Monday, March 25, 2013

Social Psychology

Social Psychology

Psychology involves understanding and explaining behavior. In the late 1890’s, psychologists began the first experiments in the discipline of social psychology. This discipline has since evolved into a science that attempts to explain human behavior. Scientific methods are used to assist researchers in answering questions related to human behavior. The results of this research are used to understand and explain the relationship between human behavior and social situations.
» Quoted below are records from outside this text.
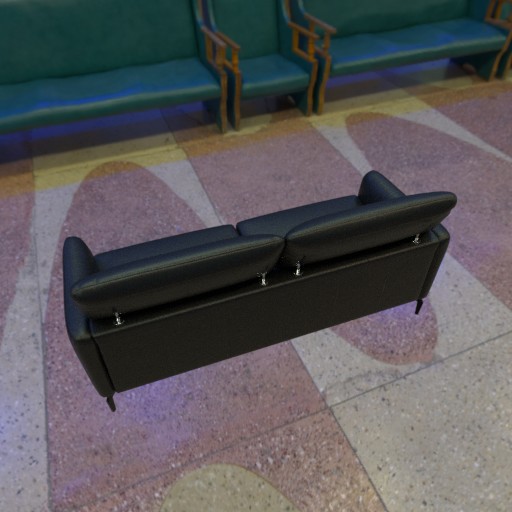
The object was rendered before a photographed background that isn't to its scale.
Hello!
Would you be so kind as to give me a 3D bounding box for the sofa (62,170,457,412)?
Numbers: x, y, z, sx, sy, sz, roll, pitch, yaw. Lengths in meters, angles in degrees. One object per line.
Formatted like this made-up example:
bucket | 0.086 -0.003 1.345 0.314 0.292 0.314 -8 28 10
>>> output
sofa | 0.000 0.000 2.543 2.069 0.957 0.856 -14 46 -14
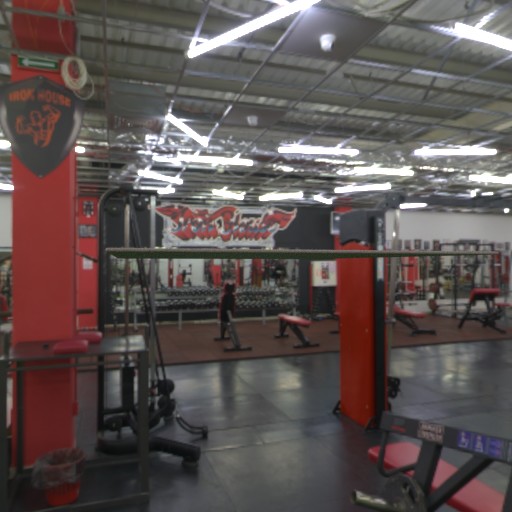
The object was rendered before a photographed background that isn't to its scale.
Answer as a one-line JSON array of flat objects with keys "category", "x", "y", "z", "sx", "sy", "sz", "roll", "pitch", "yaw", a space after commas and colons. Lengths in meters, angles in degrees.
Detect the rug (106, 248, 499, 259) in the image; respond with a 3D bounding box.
[{"category": "rug", "x": 0.000, "y": 0.000, "z": 3.984, "sx": 2.434, "sy": 0.032, "sz": 3.007, "roll": 0, "pitch": -1, "yaw": -16}]
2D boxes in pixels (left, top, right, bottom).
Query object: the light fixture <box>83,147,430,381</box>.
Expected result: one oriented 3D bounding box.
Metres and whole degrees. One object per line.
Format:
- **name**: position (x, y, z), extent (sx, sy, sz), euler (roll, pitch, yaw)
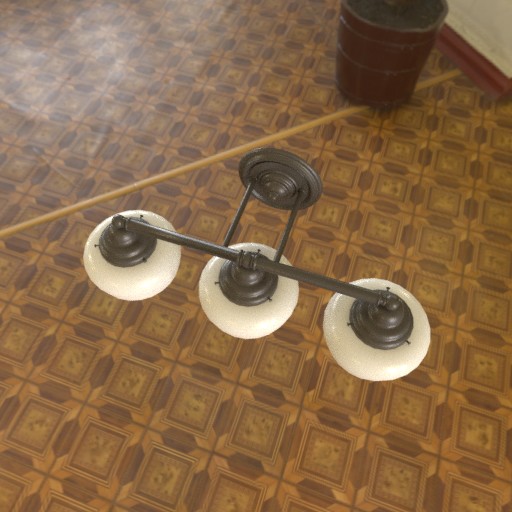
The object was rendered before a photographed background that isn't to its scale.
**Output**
- **light fixture**: position (0.000, 0.000, 0.708), extent (0.587, 0.242, 0.239), euler (16, 61, 9)
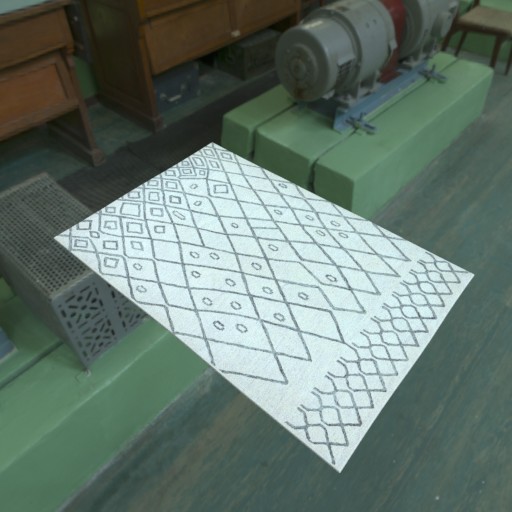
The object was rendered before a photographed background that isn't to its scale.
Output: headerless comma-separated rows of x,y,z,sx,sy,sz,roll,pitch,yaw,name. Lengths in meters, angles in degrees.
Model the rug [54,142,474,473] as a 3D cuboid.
0.000,0.000,2.298,1.828,0.015,1.222,32,55,26,rug
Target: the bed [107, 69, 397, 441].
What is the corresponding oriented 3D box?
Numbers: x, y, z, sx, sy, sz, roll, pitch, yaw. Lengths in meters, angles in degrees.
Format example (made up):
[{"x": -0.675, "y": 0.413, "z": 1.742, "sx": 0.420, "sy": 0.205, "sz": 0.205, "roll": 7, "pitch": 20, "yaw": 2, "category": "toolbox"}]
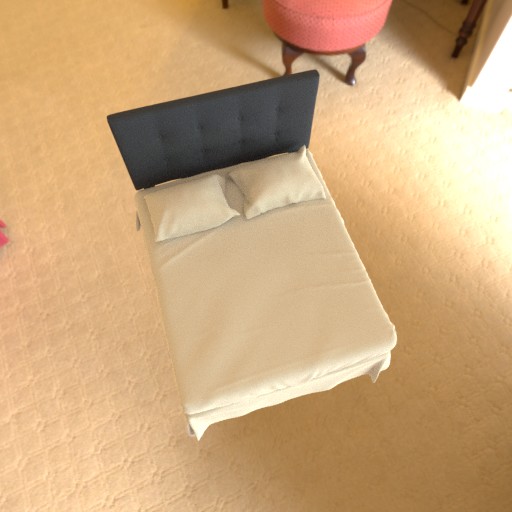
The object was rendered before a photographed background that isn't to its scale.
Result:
[{"x": 0.000, "y": 0.000, "z": 3.542, "sx": 1.936, "sy": 1.577, "sz": 2.222, "roll": -15, "pitch": 64, "yaw": -8, "category": "bed"}]
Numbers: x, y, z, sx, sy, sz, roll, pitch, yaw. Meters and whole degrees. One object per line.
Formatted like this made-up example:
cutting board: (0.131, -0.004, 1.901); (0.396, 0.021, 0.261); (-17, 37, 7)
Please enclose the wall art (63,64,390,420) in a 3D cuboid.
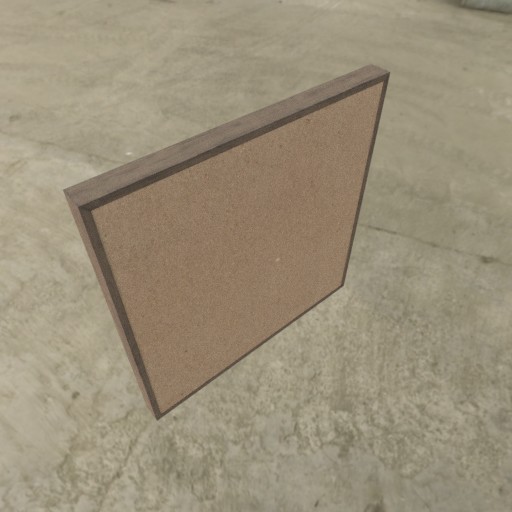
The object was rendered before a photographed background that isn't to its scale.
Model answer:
wall art: (0.000, 0.000, 0.760); (0.508, 0.508, 0.038); (-31, 53, -27)
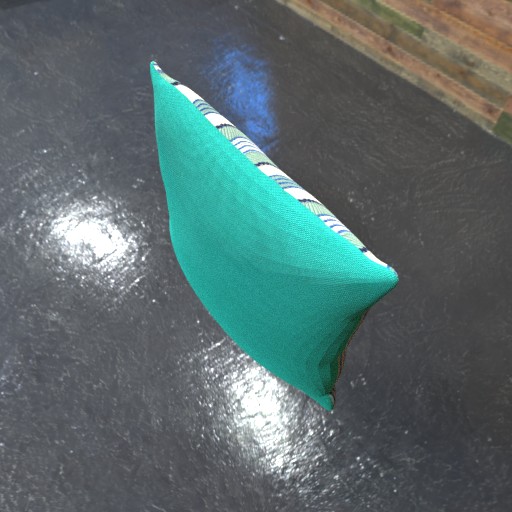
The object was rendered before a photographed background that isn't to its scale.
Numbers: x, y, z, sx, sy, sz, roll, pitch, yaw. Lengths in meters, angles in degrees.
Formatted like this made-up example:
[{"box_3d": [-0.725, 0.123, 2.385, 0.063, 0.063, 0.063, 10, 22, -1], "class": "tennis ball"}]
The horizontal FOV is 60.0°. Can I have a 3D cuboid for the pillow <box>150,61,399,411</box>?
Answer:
[{"box_3d": [0.000, 0.000, 0.673, 0.182, 0.441, 0.440, -34, 64, -19], "class": "pillow"}]
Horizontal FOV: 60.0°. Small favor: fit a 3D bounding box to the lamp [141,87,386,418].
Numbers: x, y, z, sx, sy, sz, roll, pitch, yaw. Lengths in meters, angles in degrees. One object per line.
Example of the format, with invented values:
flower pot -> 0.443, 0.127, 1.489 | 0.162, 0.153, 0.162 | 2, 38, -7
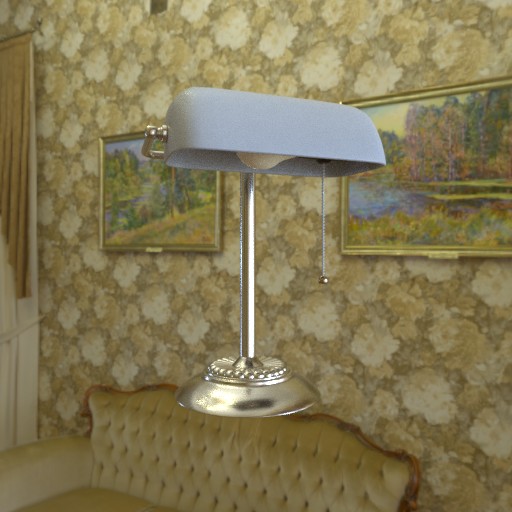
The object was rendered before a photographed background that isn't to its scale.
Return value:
lamp -> 0.000, 0.000, 0.522 | 0.264, 0.339, 0.243 | 0, 0, -19
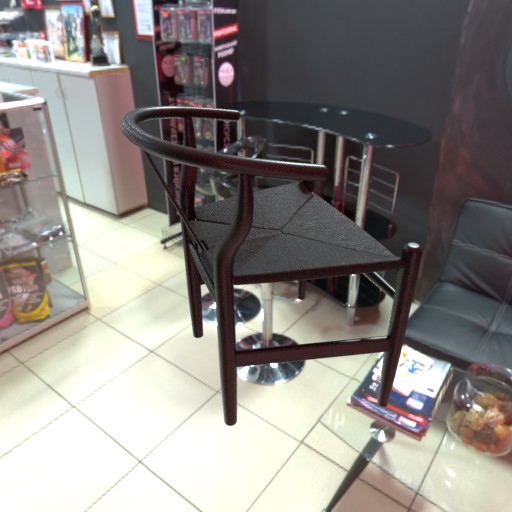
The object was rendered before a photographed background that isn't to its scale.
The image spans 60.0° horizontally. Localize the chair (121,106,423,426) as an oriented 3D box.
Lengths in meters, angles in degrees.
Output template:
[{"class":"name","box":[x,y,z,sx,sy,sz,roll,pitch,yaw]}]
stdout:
[{"class":"chair","box":[0.000,0.000,1.153,0.579,0.730,0.569,-10,31,-17]}]
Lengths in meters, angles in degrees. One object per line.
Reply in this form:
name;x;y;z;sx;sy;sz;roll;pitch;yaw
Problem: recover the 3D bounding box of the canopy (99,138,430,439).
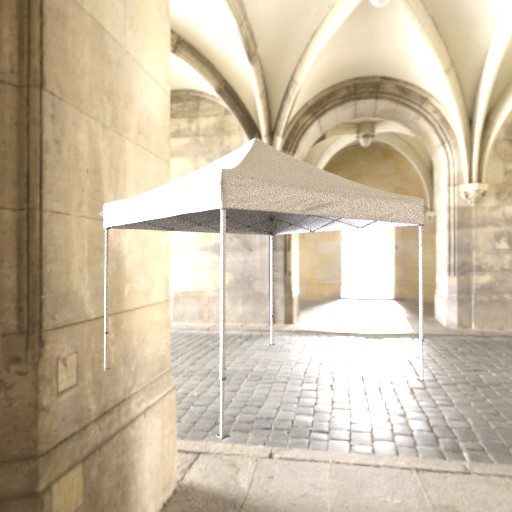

Definition of Social Psychology
Social psychology is defined as the “scientific study of how people’s thoughts, feelings, and actions are affected by others” (McGraw - Hill, 2011, p.336). Social thinking, social influence, and social relations are components in the study of social psychology. Social thinking involves the way one sees his or herself and others around them. Social thinking also involves one’s beliefs, judgments, and attitudes. Attitudes, or how one sees a particular person, behavior, belief, or concept, are important in the study of social psychology. In fact, attitudes are one of the most central aspects of the discipline (McGraw - Hill, 2011).  Social influence includes one’s culture and pressures to conform. One’s social relations include his or her prejudice, aggression, attraction, and intimacy. Social psychologists study the kinds and causes of an individual’s behavior in relation to his or her social situations. Social psychologists attempt to explain the relationship between one’s situation and behavior.

How Social Psychology Differs from Other Related Disciplines
Social psychology is only one branch of psychology. Within the science of psychology, it is closely related to personality psychology. Social psychology is also related to the science of sociology. Social psychology focuses more on the differences in individuals than personality psychology. However, personality psychology focuses more on how individuals view and affect one another (Myers, 2010). In social psychology, it is assumed that situations are the primary factor behind behavior. Using research, social psychologists attempt to relate environmental factors to behavior. Personality psychology differs from these views. Personality psychologists assume that an individual’s disposition in a situation, not the actual situation, is the primary force behind behavior (Blass, 1984).
Sociology and social psychology are intertwined. Social psychology expands on the studies of sociologists. However, the two also have differences. Sociologists study people in groups. Social psychologists focus more on the individual in a group and use more experimentation (Myers, 2010). Sociologists study the social factors that affect an individual. Social psychologists identify why the factors have effects (Thoits, 1995). Sociologists study how characteristics, relationships, and situations influence a person’s thoughts, feelings, and behaviors (Thoits, 1995). However, social psychologists explain how and why these factors affect an individual. Social psychologists attempt to understand how a group arrives at a decision whereas sociologists attempt to explain how an individual’s characteristics affect a group’s decision. Sociologists try to explain deviant behavior whereas social psychologists focus more on obedience (Thoits, 1995).

Role of Research in Social Psychology
Research is the “systematic inquiry aimed at the discovery of new knowledge” (McGraw - Hill, 2011, p. 17). Research is an important aspect in the science of psychology. Psychologists use the scientific method in research. By using the scientific method, psychologists propose theories, imply hypothesis, and predict behavior (Myers, 2010). Psychologists use research to explore and relate theories and hypothesis to behavior. Through observation and research, psychologists formulate ideas about an individual’s thoughts, influences, and relations to one another (Myers, 2010).

Psychologist Gordon Allport held the belief that social psychologists studied how individuals influenced and affected others (Thoits, 1995). Within the discipline of social psychology several aspects of an individual are studied. These include cultures, attitudes, beliefs, prejudices, and perceptions. Psychologists answer the questions concerning how one individual affects others by using scientific methods. Because of the research conducted, social psychology is now an important discipline in the study of individuals’ behavior in relation to social situations.


Blass, T. (1984). Social Psychology and Personality: Toward a Convergence. Journal of Personality and Social Psychology, 47(5), 1013-1027. doi:10.1037/0022-3514.47.5.1013

McGraw - Hill (2011). Psychsmart. New York, NY: Author.

Myers, D. (2010). Social Psychology (10th ed.). New York, NY: McGraw-Hill.

Thoits, P. A. (1995). Social Psychology: The Interplay Between Sociology and Psychology. Social Forces, 73(4), 1231-1243.